- Provided information -
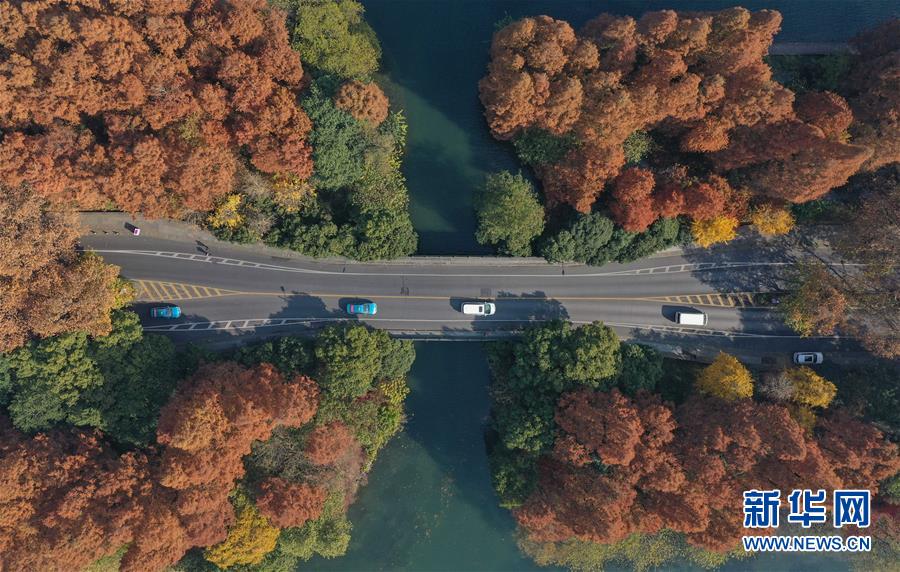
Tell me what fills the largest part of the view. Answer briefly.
trees
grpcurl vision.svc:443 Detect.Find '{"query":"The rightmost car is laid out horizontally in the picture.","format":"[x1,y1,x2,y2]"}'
[795,351,825,365]
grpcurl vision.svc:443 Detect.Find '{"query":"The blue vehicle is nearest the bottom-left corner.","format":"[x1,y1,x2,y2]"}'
[149,306,181,319]

- Task objective -
Give back the full data exactly as it reads, but drop the pictures.

- Reply -
Tell me what fills the largest part of the view. Answer briefly.
trees
grpcurl vision.svc:443 Detect.Find '{"query":"The rightmost car is laid out horizontally in the picture.","format":"[x1,y1,x2,y2]"}'
[795,351,825,365]
grpcurl vision.svc:443 Detect.Find '{"query":"The blue vehicle is nearest the bottom-left corner.","format":"[x1,y1,x2,y2]"}'
[149,306,181,319]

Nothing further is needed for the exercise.